Children’s Mathematics: Making Marks, Making Meaning

M. Worthington & E. Carruthers. 2003

London Paul Chapman

International Journal of Early Years Education, Vol. 12. Number 2. June 2004. pp 175 -177.

The authors of this book explore the ways in which children make their won marks on paper to signify their thinking in early mathematics. The writers contend that children’s own ‘mathematical graphics’ enable them to make links between the informal mathematics that they confront in the classroom. They view learning school mathematics as being akin to learning a language and argue that children’s mathematical graphics help them to grasp the new language of formal mathematics, allowing them to become ‘bi-numerate’. The book contains many examples of mathematical graphics gathered from British children aged three to eight year of age. The writers discuss young children’s behavioural schemas and the ways in which they use their own writing to explore mathematical ideas. They emphasize the active role that children play in their own learning. They also give practical suggestions for teachers on providing children with environments that stimulate their mark-making and helping children to develop their own written methods for mathematics. In addition, the authors tackle the challenging issue of assessing young children’s representations and provide useful advice on what we can learn about young children from studying their mathematical marks. Throughout the book, the authors emphasize the importance of mathematics in the home and suggest ways of involving parents and families in helping young children to develop their mathematical thinking.

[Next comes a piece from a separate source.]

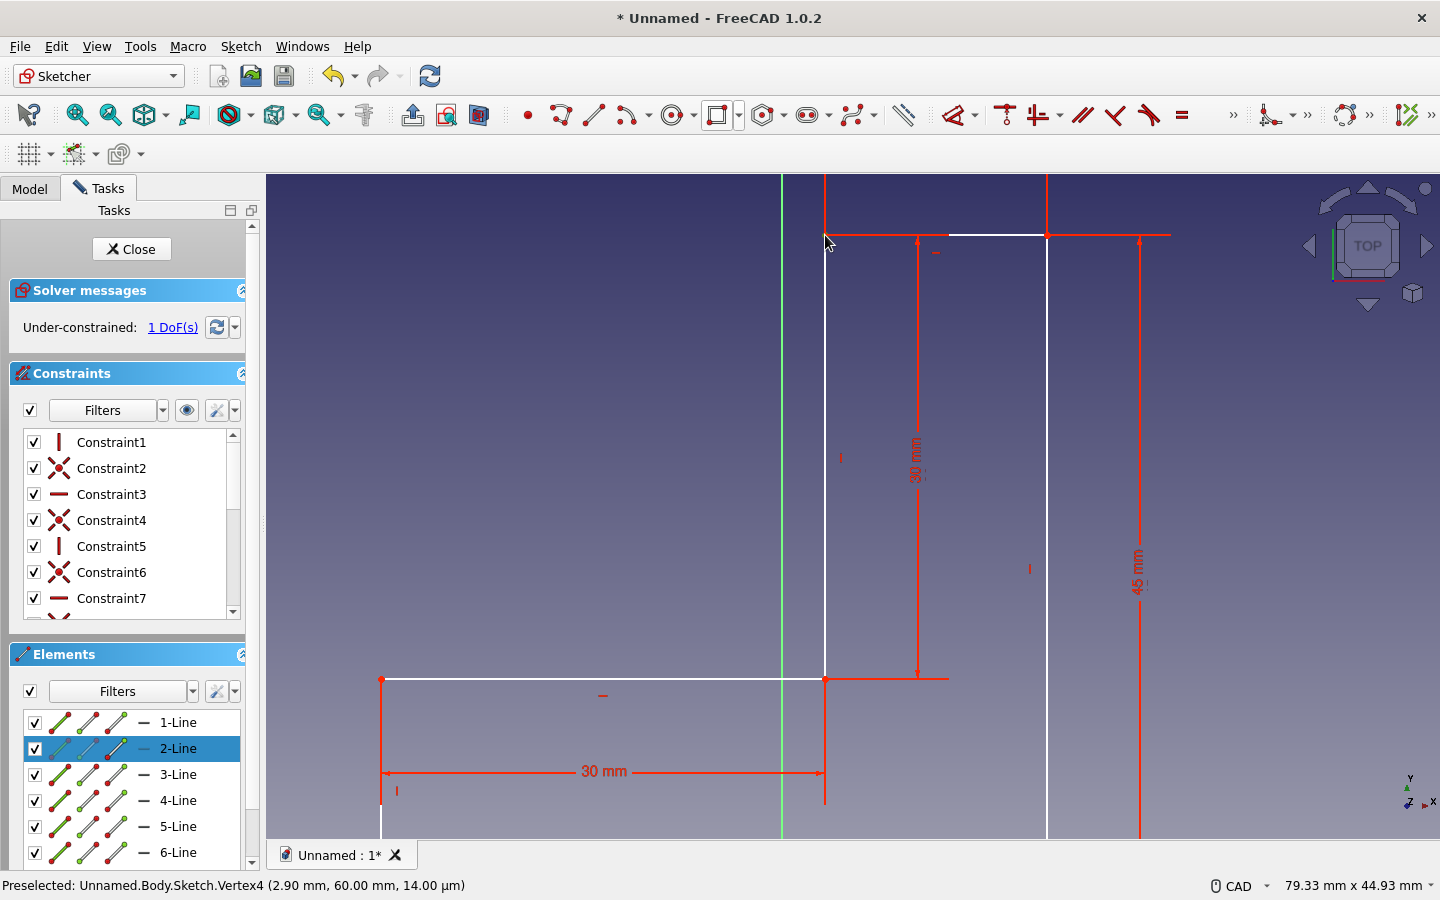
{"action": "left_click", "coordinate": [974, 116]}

The writers make a very convincing case for the usefulness of exploring children’s marks in order to understand their mathematical cognition. The examples of children’s written representations provide fascinating in sights into how different children think about mathematics. One child represents a set of objects by covering a page with dots and another draws a set of objects and then a hand taking away a subset in order to solve a subtraction problem. The authors favour eliciting and recording verbal explanations from children when possible, and many of the examples they give require careful consideration of both the written marks and children’s verbal descriptions in order to understand children’s thinking. Indeed, in many cases, the verbal explanations that children give are as illuminating as their written marks. Children use a wide range fo strategies to tackle the mathematical problems that they encounter inside and outside the classroom, and their marks reflect this. Moreover, the encouragement to use paper and pens appears to help young children invent even more problem-solving strategies. The descriptions of young children’s marks and explanations in the book help us to understand how rich and varied their mathematical thinking (e.g. the correctness of their responses to a worksheet). We need to explore the processes by which individual children arrive at their answers and not just focus on the products of their thinking. Taking children’s mathematical marks seriously helps them to achieve this aim.

The authors argue that children’s mark-making provides them with a developmental stepping stone between their own mathematics based on knowledge of the everday world and the abstract symbolism of school mathematics. This is an important claim. It is important because a key challenge for both educators and researchers in children’s mathematics is the gap between the mathematical concepts and relations that children understand in the real worlds of home and play and the abstract language of school mathematics. There are numerous reports in the psychological and educational literature of children entering formal schooling with rich and powerful ways of approaching mathematics in daily life but failing to make connections between this strong knowledge base and school mathematics. Some researchers have advocated the use of physical aids as a way of helping children bridge the gap. Yet, as the authors point out the role of concrete manipulatives in helping children to make connections between their own informal mathematics and formal school mathematics has not been clearly established.

Currently though, it also seems unclear whether children’s mark-making facilitates or merely reflects developmental changes in their mathematical cognition. Children’s marks are certainly worthy of consideration as windows on their thinking but further research is needed to establish the precise role that mark-making plays in their cognitive development. Nonetheless, the book contains some very strong pointers to the potential developmental significance of mark-making. In particular, many of the examples of children’s written representations seem to capture a mixture of formal and informal mathematical thinking by combining children’s idiosyncratic written representation with their use of formal symbols. These examples suggest that at least some children use their marks on paper to help them reflect on the links between formal and informal mathematics. Such examples support the authors’ claims for the centrality of children’s mark-making and underscore the need for researchers and educators to consider carefully the role of children’s own written methods in their mathematical development.


Kate Canobi, The Department of Psychology, University of Melbourne. Australia.